The impact of medical school appears first of all in his working methods. We are not surprised that he speaks with such reverence of those to whom God gave the rare gift of thinking scientifically. In his letters he expresses delight over a literary article because it is written in the matter-of-fact style of a report, because it interprets elementary things coldly and simply and, like a good textbook, tries to be precise. As a diligent intern would, he likes to individualize each separate case in every description, carefully to examine all its little details and bring to light all its particularities and peculiarities. … Scientific precision in poetic creation was for him an indispensable element. Goethe was not the only person in whom he discovered his favorite type of poet-naturalist. He praises Paul Bourget—perhaps excessively—because he was so thoroughly familiar with the methods of the natural sciences; and he castigates Edouard Rod for renouncing naturalism. He repeatedly comments in his own work upon the advantage of medical school training.

“As a doctor I feel that I correctly diagnosed the psychic ailment according to all the rules of the science of psychiatry,” he writes in connection with “An Attack of Nerves” (1888). An exacting artist, positively obsessed by a mania for the concise, he decides to insert like a wedge a special scientific conversation into the story in order to give it greater verisimilitude. “I am a physician,” he writes in answer to reproaches, “and for this reason—if I am not to be shamed—I must provide motivation for incidents related to medicine in my stories.” Chekhov takes it as the highest praise when women confirm the correctness of his description of childbirth in “The Nameday Party” (1888). “You know, it's not so bad to be a physician and to understand what it is you are writing about.” And even in letters to young writers, as he indulgently and gently examines their purely artistic shortcomings, Chekhov mercilessly chides them for the slightest defect in medical matters in their stories. “Leave it to us, the doctors, the physicians, to depict cripples and black monks,” he writes in one letter. “You have not seen corpses,” he notes with reproach in another.

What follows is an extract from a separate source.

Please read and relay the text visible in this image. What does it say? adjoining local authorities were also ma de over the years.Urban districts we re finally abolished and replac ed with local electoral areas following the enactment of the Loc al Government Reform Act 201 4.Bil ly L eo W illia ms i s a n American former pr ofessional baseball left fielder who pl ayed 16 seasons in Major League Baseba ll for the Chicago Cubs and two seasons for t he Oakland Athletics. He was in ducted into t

Chekhov makes the same demands upon his great teacher, Tolstoy. He is “full of admiration for ‘The Kreutzer Sonata’ from an artistic point of view.” But as for the medical side of the story, he indicts the author as an “ignorant man who has not troubled in the course of his long life to read two or three books written by specialists.” He is carried away by War and Peace, but he does not let pass the opportunity to note here, too, the possibility of the same type of defect. At the first occasion the physician awakes in the delighted reader, and with his skepticism spoils all aesthetic pleasure. “It is strange to read that the wound of the prince, a rich man who spent days and nights with a doctor and enjoyed the care of Natasha and Sonya, gave off a smell of putrefaction. If I had been around Prince Andrei, I would have cured him,” the medical expert calmly concludes in the wake of the aesthetic response of the literary critic.

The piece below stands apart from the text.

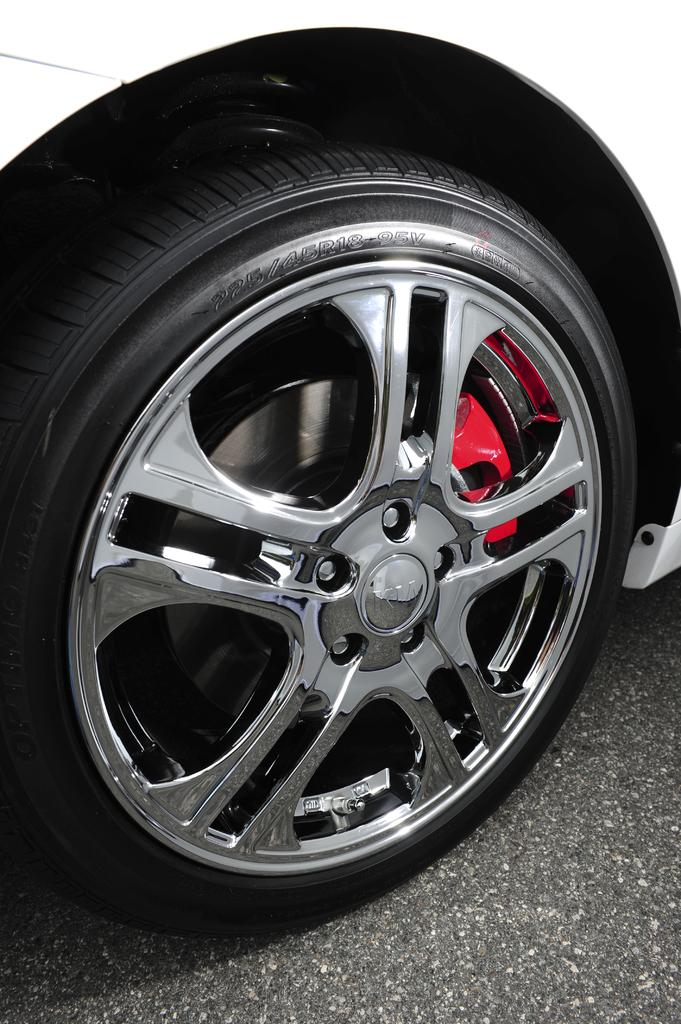What object related to a vehicle can be seen in the image? There is a tire of a vehicle in the image. What type of surface is visible in the image? There is a road visible in the image. How does the tire take a breath in the image? Tires do not breathe, as they are inanimate objects. 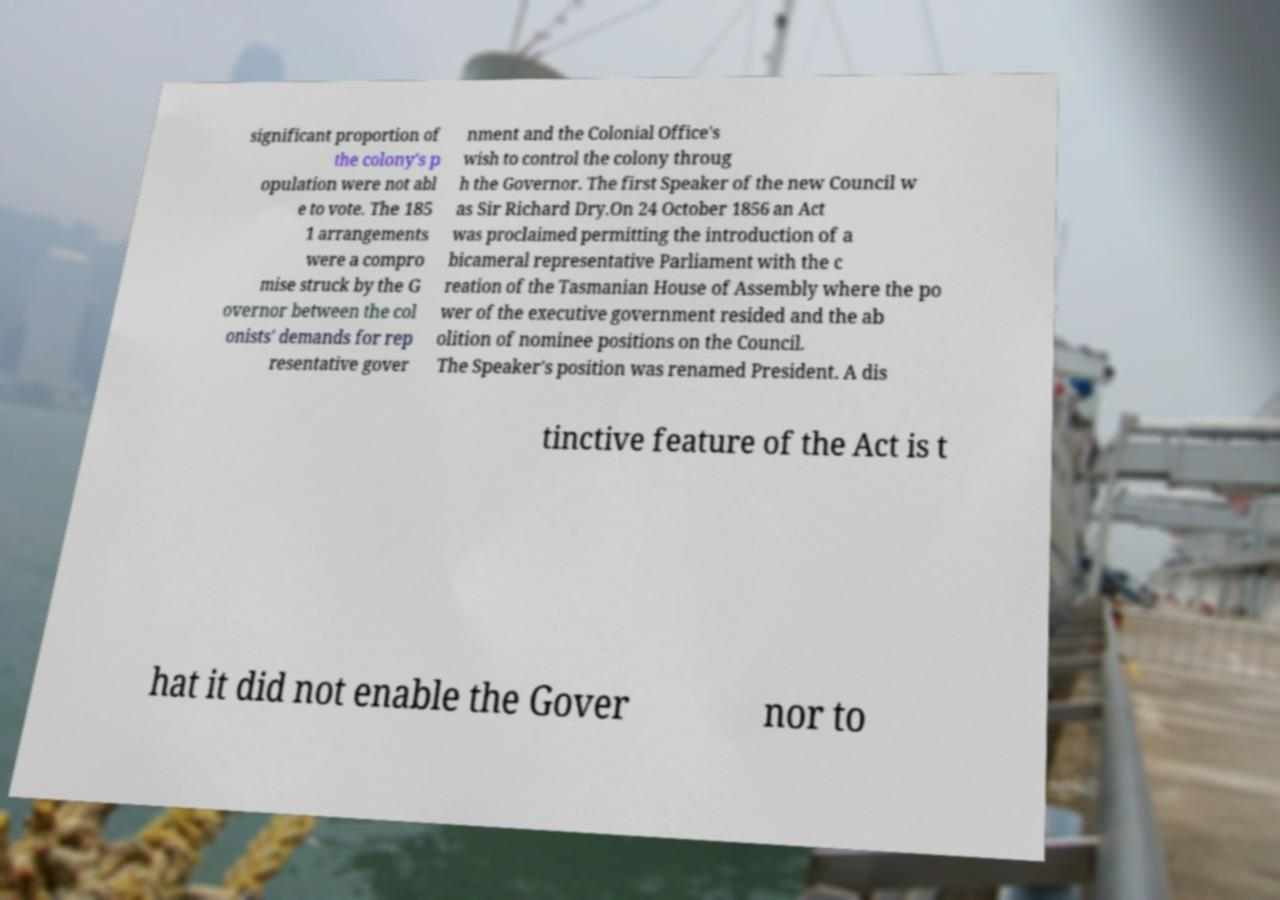Could you extract and type out the text from this image? significant proportion of the colony's p opulation were not abl e to vote. The 185 1 arrangements were a compro mise struck by the G overnor between the col onists' demands for rep resentative gover nment and the Colonial Office's wish to control the colony throug h the Governor. The first Speaker of the new Council w as Sir Richard Dry.On 24 October 1856 an Act was proclaimed permitting the introduction of a bicameral representative Parliament with the c reation of the Tasmanian House of Assembly where the po wer of the executive government resided and the ab olition of nominee positions on the Council. The Speaker's position was renamed President. A dis tinctive feature of the Act is t hat it did not enable the Gover nor to

The school of Darwin and Claude Bernard planted strictly materialistic principles in the methodology of Chekhov's literary work.1 He carries them over even into his mystical searches with amazing consistency. He demands of the enemies of positivism that they point out to him in the heavens an incorporeal God that he can see, and in the middle of the 1890s he predicts with joyous hope that Russian society will once again take up the natural sciences. Like a faithful pupil of Bazarov in Fathers and Sons, he calls the 1860s a sacred time, and affirms that thinking people can find truth only where microscopes, probes, and scalpels are useful. …

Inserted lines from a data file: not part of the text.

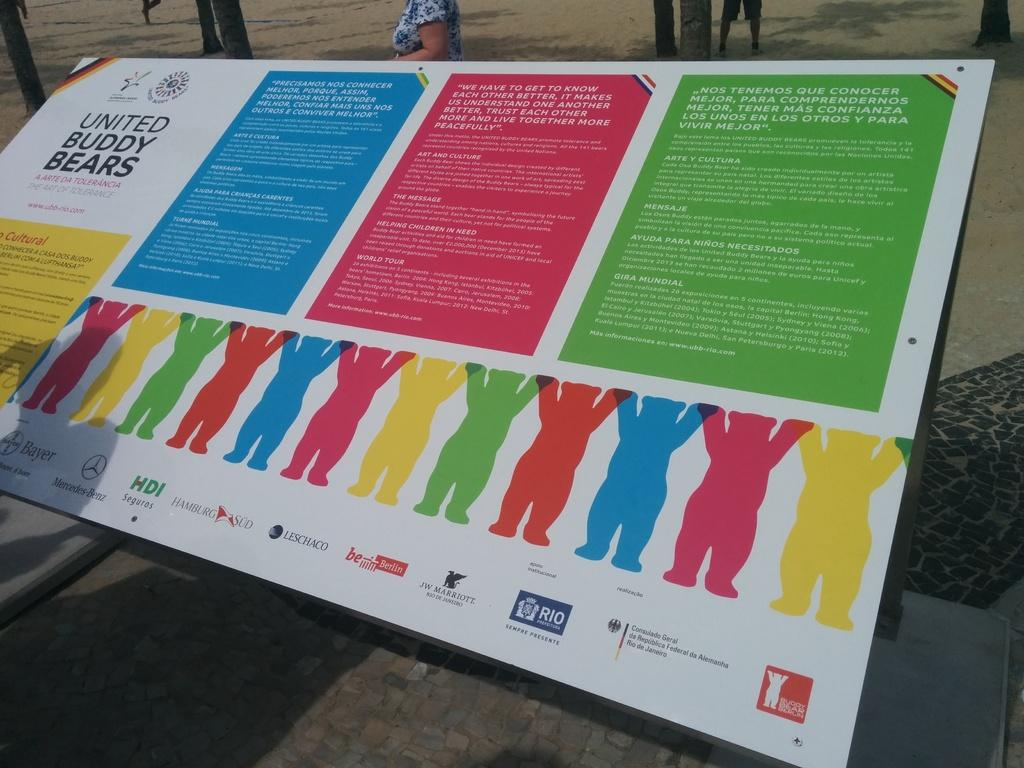<image>
Relay a brief, clear account of the picture shown. "United Buddy Bears" is listed on this informative advert. 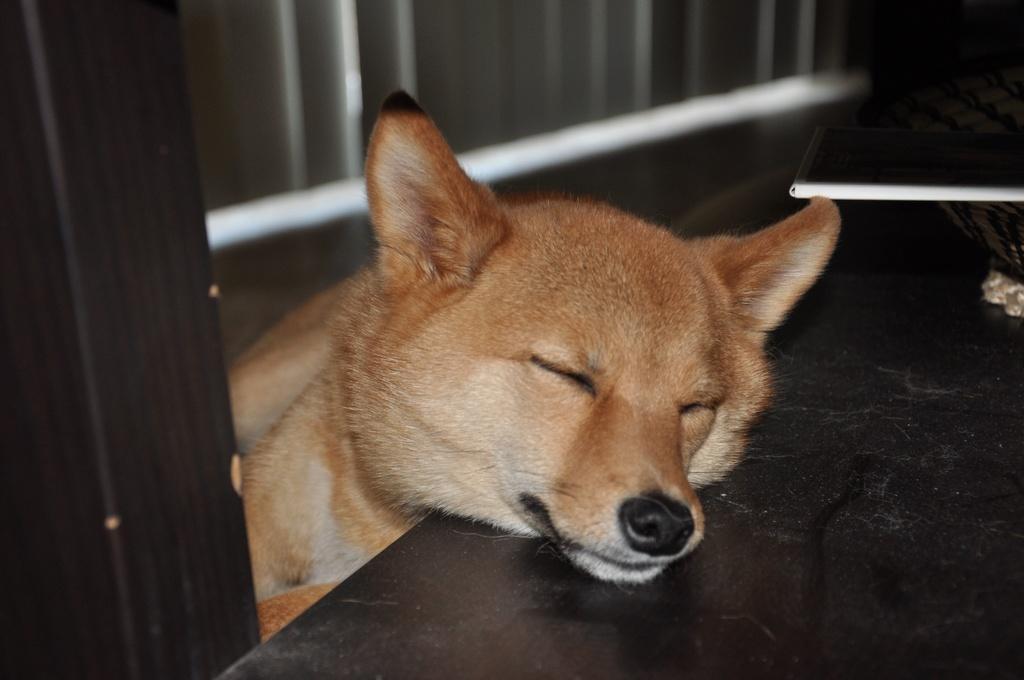How would you summarize this image in a sentence or two? In this picture we can observe a dog which is in brown color. The dog is sleeping on the table which is in black color. There is a book in the right side. 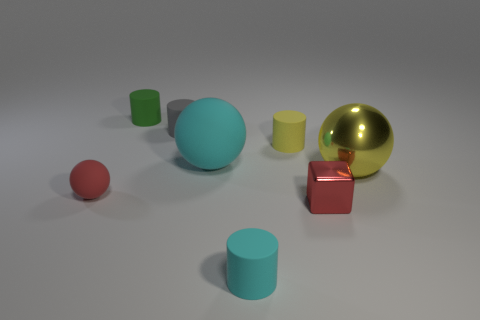Subtract all tiny gray cylinders. How many cylinders are left? 3 Add 2 big blue metallic cylinders. How many objects exist? 10 Subtract all yellow spheres. How many spheres are left? 2 Subtract all balls. How many objects are left? 5 Subtract 2 balls. How many balls are left? 1 Add 5 cyan cylinders. How many cyan cylinders exist? 6 Subtract 1 yellow cylinders. How many objects are left? 7 Subtract all brown balls. Subtract all gray cubes. How many balls are left? 3 Subtract all red cylinders. How many yellow spheres are left? 1 Subtract all yellow cylinders. Subtract all green cylinders. How many objects are left? 6 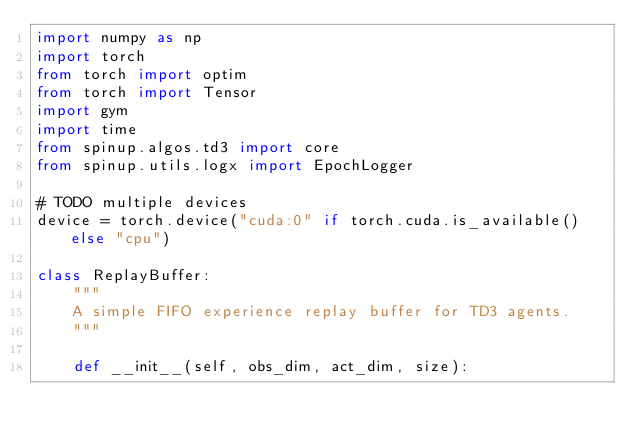Convert code to text. <code><loc_0><loc_0><loc_500><loc_500><_Python_>import numpy as np
import torch
from torch import optim
from torch import Tensor
import gym
import time
from spinup.algos.td3 import core
from spinup.utils.logx import EpochLogger

# TODO multiple devices
device = torch.device("cuda:0" if torch.cuda.is_available() else "cpu")

class ReplayBuffer:
    """
    A simple FIFO experience replay buffer for TD3 agents.
    """

    def __init__(self, obs_dim, act_dim, size):</code> 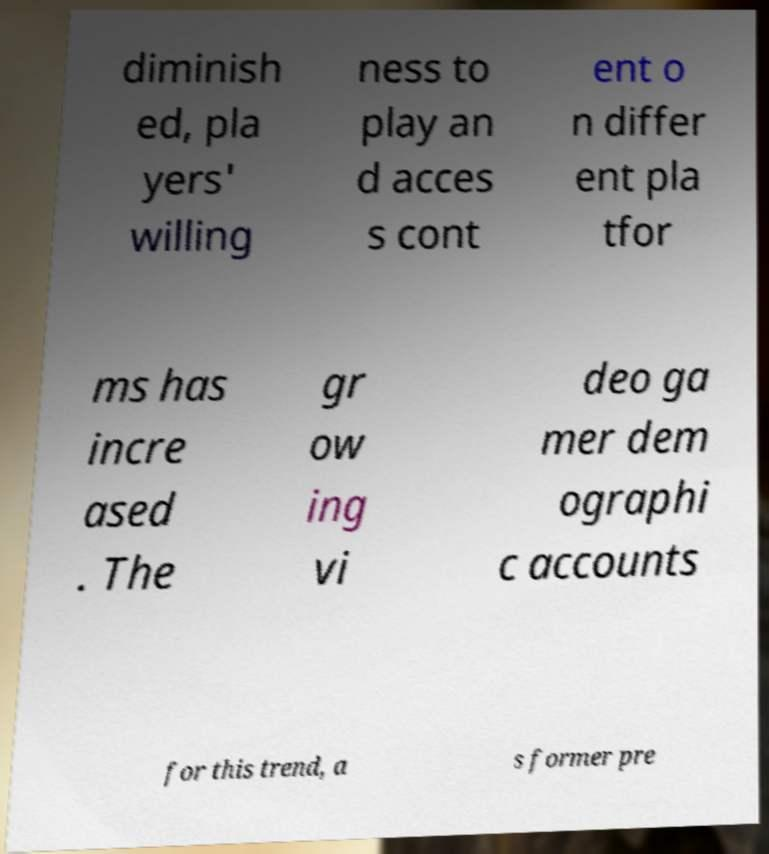For documentation purposes, I need the text within this image transcribed. Could you provide that? diminish ed, pla yers' willing ness to play an d acces s cont ent o n differ ent pla tfor ms has incre ased . The gr ow ing vi deo ga mer dem ographi c accounts for this trend, a s former pre

Medical practice brought home to Chekhov with remarkable fullness the horror of life, the cruelty of nature, and the impotence of man. Incidents from his medical practice found in his stories and letters create such a painful picture of life's absurdity that they are enough in themselves to make a pessimist of the observer. … Chekhov saw man first of all as a sick animal, and from then on, he looked at the world with a deep and at times even scornful sadness; from then on, despair shrouded all his dreams of a future golden age. Here and there in his letters you find the Shakespearean image of the wounded deer that suffers so horribly:

The wretched animal heav'd forth such groans
That their discharge did stretch his leathern coat
Almost to bursting, and the big round tears
Cours'd one another down his innocent nose
In piteous chase …

(As You Like It)

This image of a hunted animal merges in Chekhov's consciousness with the spectacle of a half-crushed human being to which he is so accustomed. It is worth rereading in his letters the story of the spring migration in Melikhovo when Isaac Levitan shot down a young woodcock, and Chekhov had to finish him off with a rifle butt; Chekhov's usual identification of man with a wounded animal is strikingly evident here. In this slight tale of a beautiful and enchanting bird, senselessly crushed by indifferent murderers—by a famous painter and a famous writer—the author of The Seagull makes his usual reflection on blind cruelty in the fate of all living creatures. The wounded woodcock with its bloodied wing and madly astonished eyes rose before him as an eternally sad symbol of human fate. The heroes of his stories unambiguously draw these philosophical parallels. “When I lie in the grass,” one of them says, “and spend a long time watching an insect that was born just yesterday and understands nothing, it seems to me that its life consists of nothing but horror, and I see myself in it.”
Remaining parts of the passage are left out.